# Got scope now just waiting for gun!



## bowhunter1 (Jan 22, 2012)

So I have a savage axis 22-250 with camo stock comin from Buds so I went out today and bought my scope sure hope I made the right choice, I think I did after doin lots of research online and on PT here. So I got a Burris Fullfield E1 3-9x40, After looking at it and comparing it to the Nikon Pro Staff ,I felt the clarity of the Burris was better and I really like the E1 recticle.The only other thing I trying to decide for this setup is if I shoot stick with using the monopod and bipod I use now or if I want to get a bipod that mounts to the gun . Im thinking a bipod attached to the gun would be better for a few reasons like less individual items to carry, setup would be faster and take less movement doing so once on stand, What do you all think?


----------



## youngdon (Mar 10, 2010)

I really prefer sticks ! They are lighter and more maneuverable IMO.


----------



## Mattuk (Oct 16, 2010)

If your shooting from a prone position then I would use a harris bipod but if your sitting then I too would go for a really good set of sticks.


----------



## bones44 (Jan 7, 2011)

I have a pair of Hunter's Specialty sticks with the rubber ring that goes around your stock. I just fold them and leave em on the gun when moving. Much more versatile in rough terrain and easier to manuever.


----------



## youngdon (Mar 10, 2010)

Mattuk said:


> If your shooting from a prone position then I would use a harris bipod but if your sitting then I too would go for a really good set of sticks.
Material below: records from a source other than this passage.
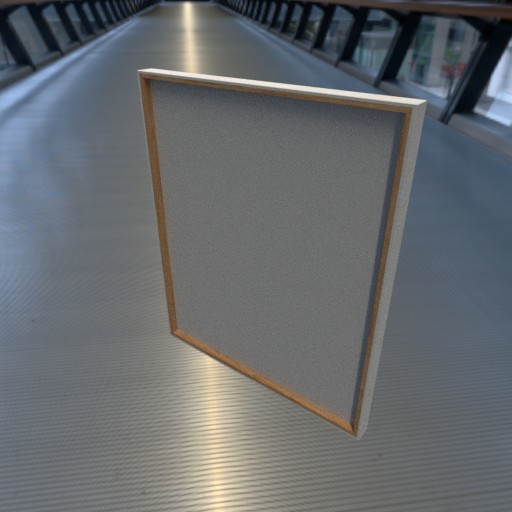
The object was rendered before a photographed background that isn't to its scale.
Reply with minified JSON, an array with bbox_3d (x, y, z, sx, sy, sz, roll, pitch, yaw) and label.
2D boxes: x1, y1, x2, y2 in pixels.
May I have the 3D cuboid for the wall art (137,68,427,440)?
[{"bbox_3d":[0.000,0.000,0.823,0.508,0.606,0.037,20,36,31],"label":"wall art"}]
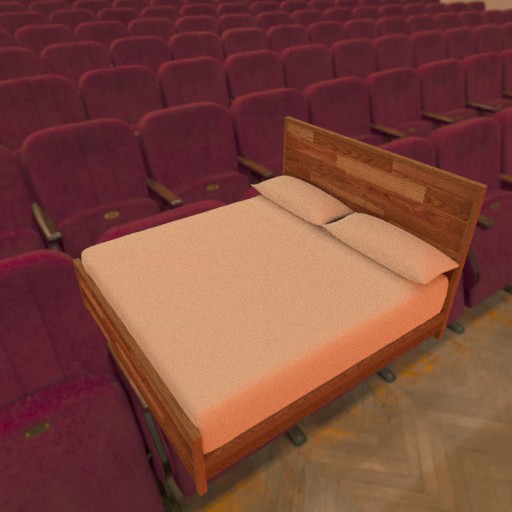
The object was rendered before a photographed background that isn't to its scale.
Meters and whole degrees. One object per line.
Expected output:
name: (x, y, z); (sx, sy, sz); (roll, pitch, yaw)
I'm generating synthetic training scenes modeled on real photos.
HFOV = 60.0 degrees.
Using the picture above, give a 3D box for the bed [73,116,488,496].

I've shot prone on Prairie dogs and for me, my back pack(if you carry one) is ideal, you can swivel, raise, lower or cant your gun wherever you need to simply and easily.


----------



## Mattuk (Oct 16, 2010)

youngdon said:


> I've shot prone on Prairie dogs and for me, my back pack(if you carry one) is ideal, you can swivel, raise, lower or cant your gun wherever you need to simply and easily.


And I like a bipod!?


----------



## youngdon (Mar 10, 2010)

What does this mean ?


----------



## Mattuk (Oct 16, 2010)

youngdon said:


> What does this mean ?


I don't wan't a bag I want a harris bipod thats why I use one.


----------



## youngdon (Mar 10, 2010)

That's what I figured by your post until you answered with a question. I was simply giving HIM an alternative Matt.


----------



## Mattuk (Oct 16, 2010)

youngdon said:


> That's what I figured by your post until you answered with a question. I was simply giving HIM an alternative Matt.


So do it without quoting me. By quoting me its as if your telling me I don't need a bipod.


----------



## youngdon (Mar 10, 2010)

Is that really the way you read it ?

Now is one of those times when perhaps, you should take a deep breath.

And maybe it would be good to take this to PM's.....


----------



## Mattuk (Oct 16, 2010)

No I'm perfectly fine.


----------



## bones44 (Jan 7, 2011)

Good chi in , bad chi out.......


----------



## fr3db3ar (Aug 6, 2011)

Personally I tried a 13 to 25 or whatever that size is mounted on my gun and didn't care for it. It just didn't fit me. I prefer sticks or a monopod (which is what I use the most) for coyotes.

Just my experience. Take it for what you paid for it.


----------



## LeadHead (Feb 11, 2012)

Another option is a SlingStix from Quake Industries. They're the folks who make the Claw gun slings (which I LOVE) and it's basically a Claw with built in shooting sticks that easily collapse via shock cords. It's quite versatile and not too bulky for normal hunting. They run about $45.


----------



## LeadHead (Feb 11, 2012)

Sorry, duplicate post.


----------



## singlesix (May 13, 2010)

That E1 Burris is the same scope iv been thinking about getting, if its anything like the fullfields i want it. I prefer sticks too for coyote hunting. We had a bunch of left over titanium tubing from work, i cut two peices to length and used those ball bands (excuse my lack of terminology for these things) its what they use to put on the bull balls so they will fall off. lol anyway i took about 5 of them and put them part way down the tubbing and it works great.


----------



## bowhunter1 (Jan 22, 2012)

Im pretty sure it is a fullfield I think the E1 stands for the type of recticle. I was able to shoot with it today and I really like it and would definately make a Burris my first choice for my next scope.


----------



## youngdon (Mar 10, 2010)

singlesix said:


> That E1 Burris is the same scope iv been thinking about getting, if its anything like the fullfields i want it. I prefer sticks too for coyote hunting. We had a bunch of left over titanium tubing from work, i cut two peices to length and used those ball bands (excuse my lack of terminology for these things) its what they use to put on the bull balls so they will fall off. lol anyway i took about 5 of them and put them part way down the tubbing and it works great.


castration bands is the term you are looking for. O=rings work too but they'll all dry out and break. What's the diameter of the tubing SS


----------



## Jonbnks (Jan 21, 2012)

I bought the Fullfield E1 for my 30-06 and it's been working great. Love it in low light. I moved my Fullfield II to my AR.


----------



## singlesix (May 13, 2010)

youngdon said:


> castration bands is the term you are looking for. O=rings work too but they'll all dry out and break. What's the diameter of the tubing SS


Yes castration bands thanks, they work good and you get alot of them for cheap. The tubing is 3/8 or little less,its light weight and strong ofcourse. Yeah i could see o rings working good too, but the castration bands are much stronger, but they will also dry out so i just put a few more on if they are looking weak, havent had a blow out yet.


----------